### Work instruction
Each line in the material below must be transcribed exactly; no picture belongs in the copy.

### Source records
[Start of section]

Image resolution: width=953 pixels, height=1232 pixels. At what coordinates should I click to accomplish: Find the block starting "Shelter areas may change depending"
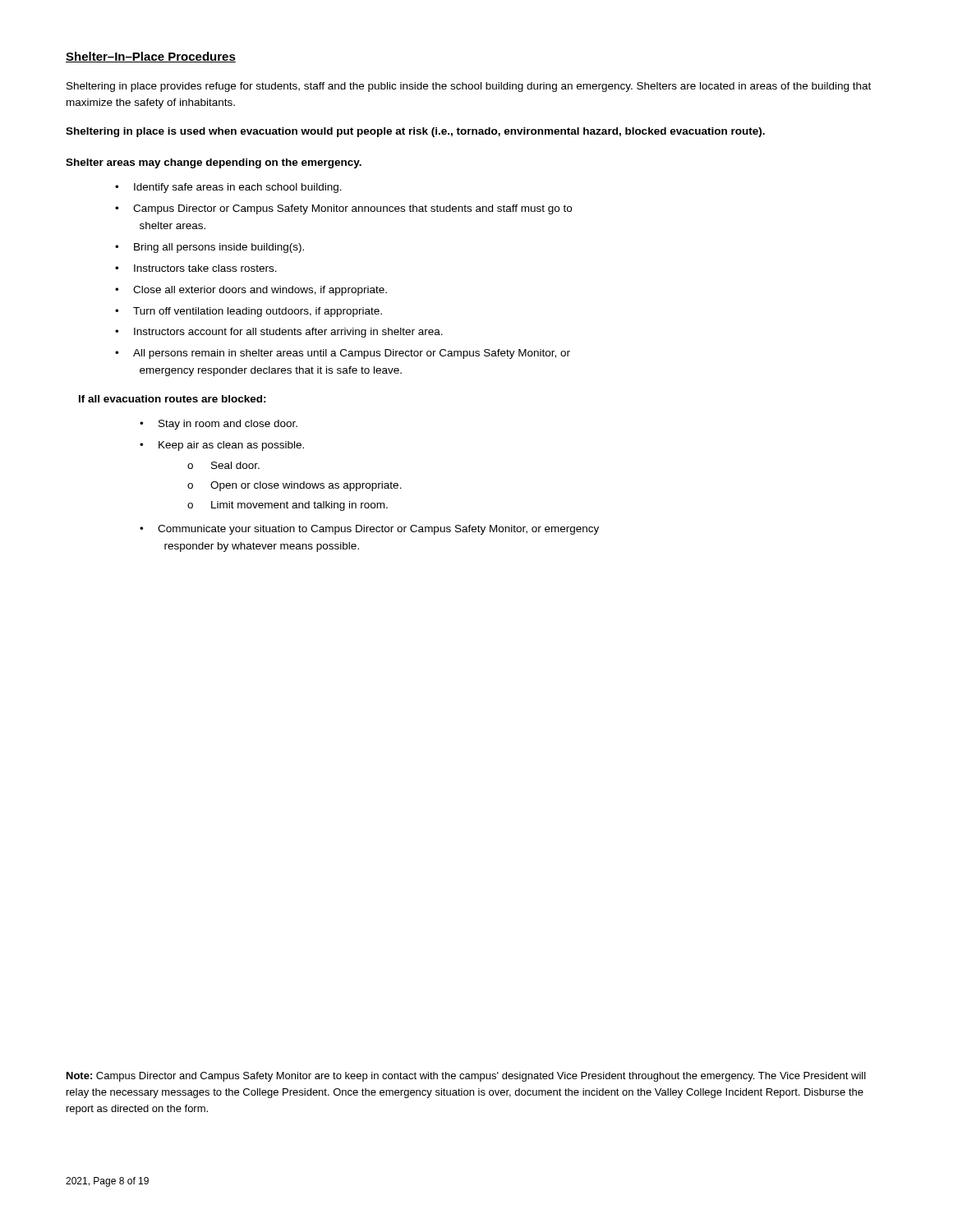coord(214,162)
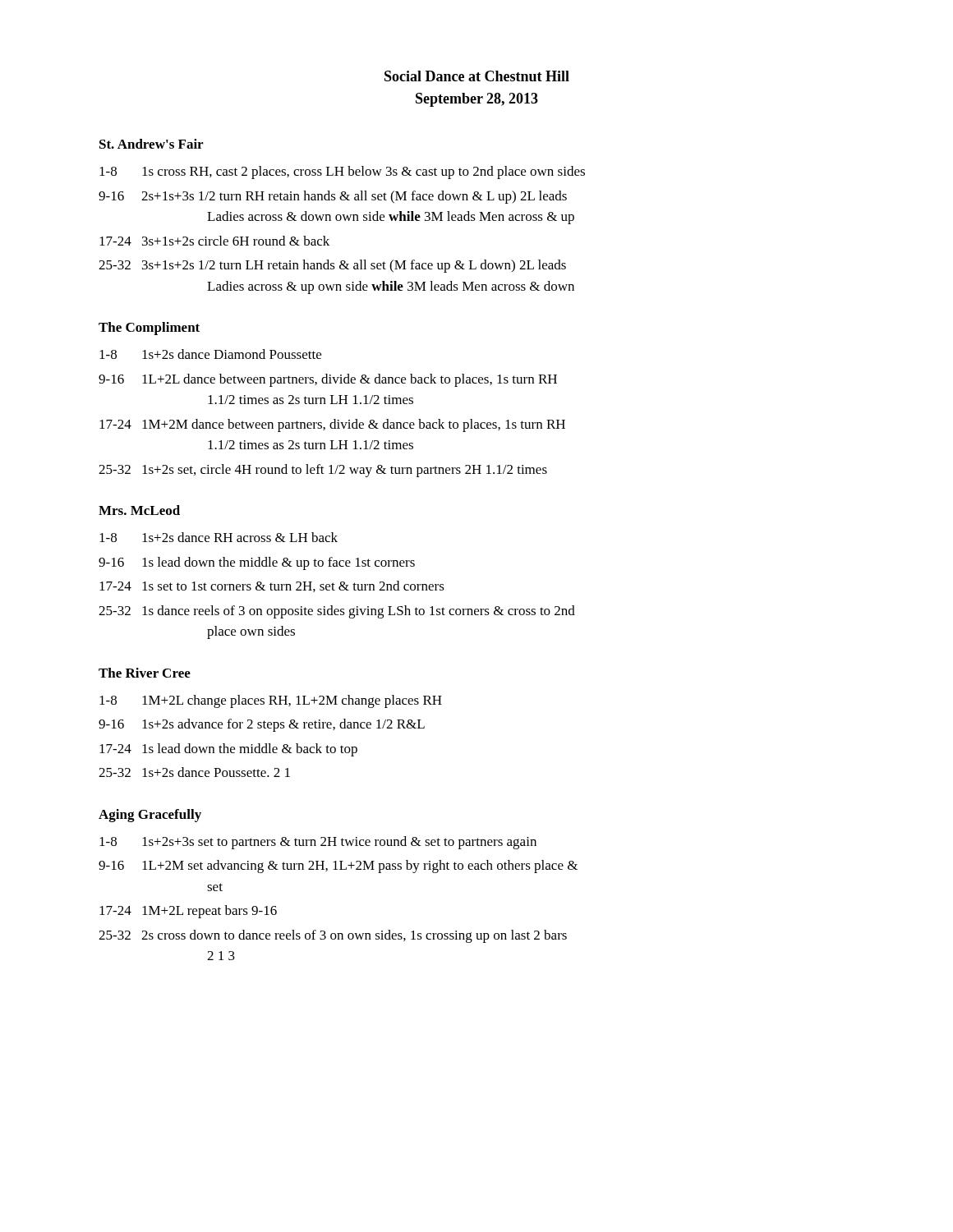Point to the region starting "9-16 1L+2M set advancing"
Viewport: 953px width, 1232px height.
(476, 876)
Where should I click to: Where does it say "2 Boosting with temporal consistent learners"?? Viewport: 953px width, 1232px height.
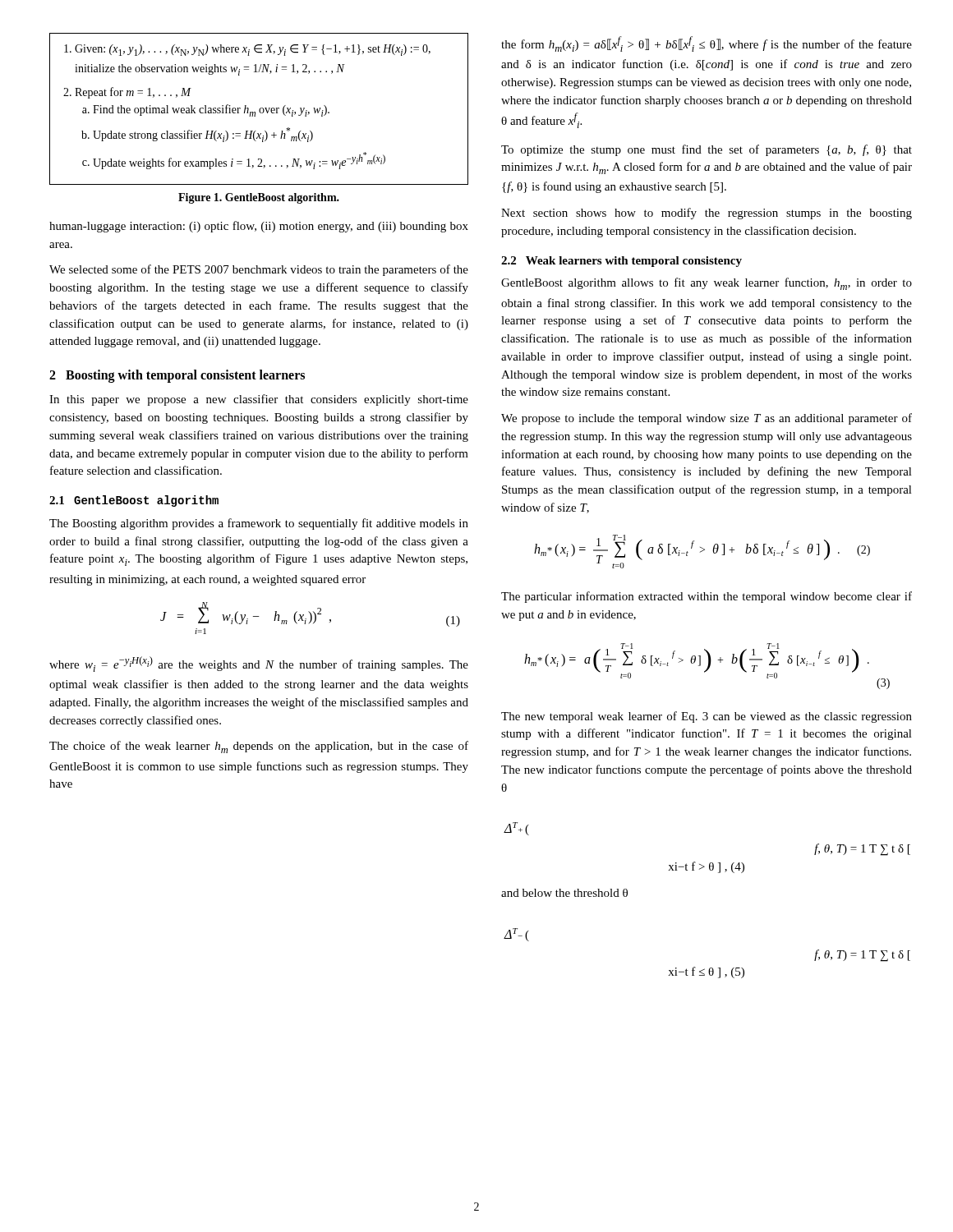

[End of section]

### Answer for the task
Image resolution: width=953 pixels, height=1232 pixels. At what coordinates should I click to accomplish: Find the block starting "Shelter areas may change depending"
coord(214,162)
Point to the region starting "9-16 1L+2M set advancing"
Viewport: 953px width, 1232px height.
(476, 876)
Where should I click to: Where does it say "2 Boosting with temporal consistent learners"?? Viewport: 953px width, 1232px height.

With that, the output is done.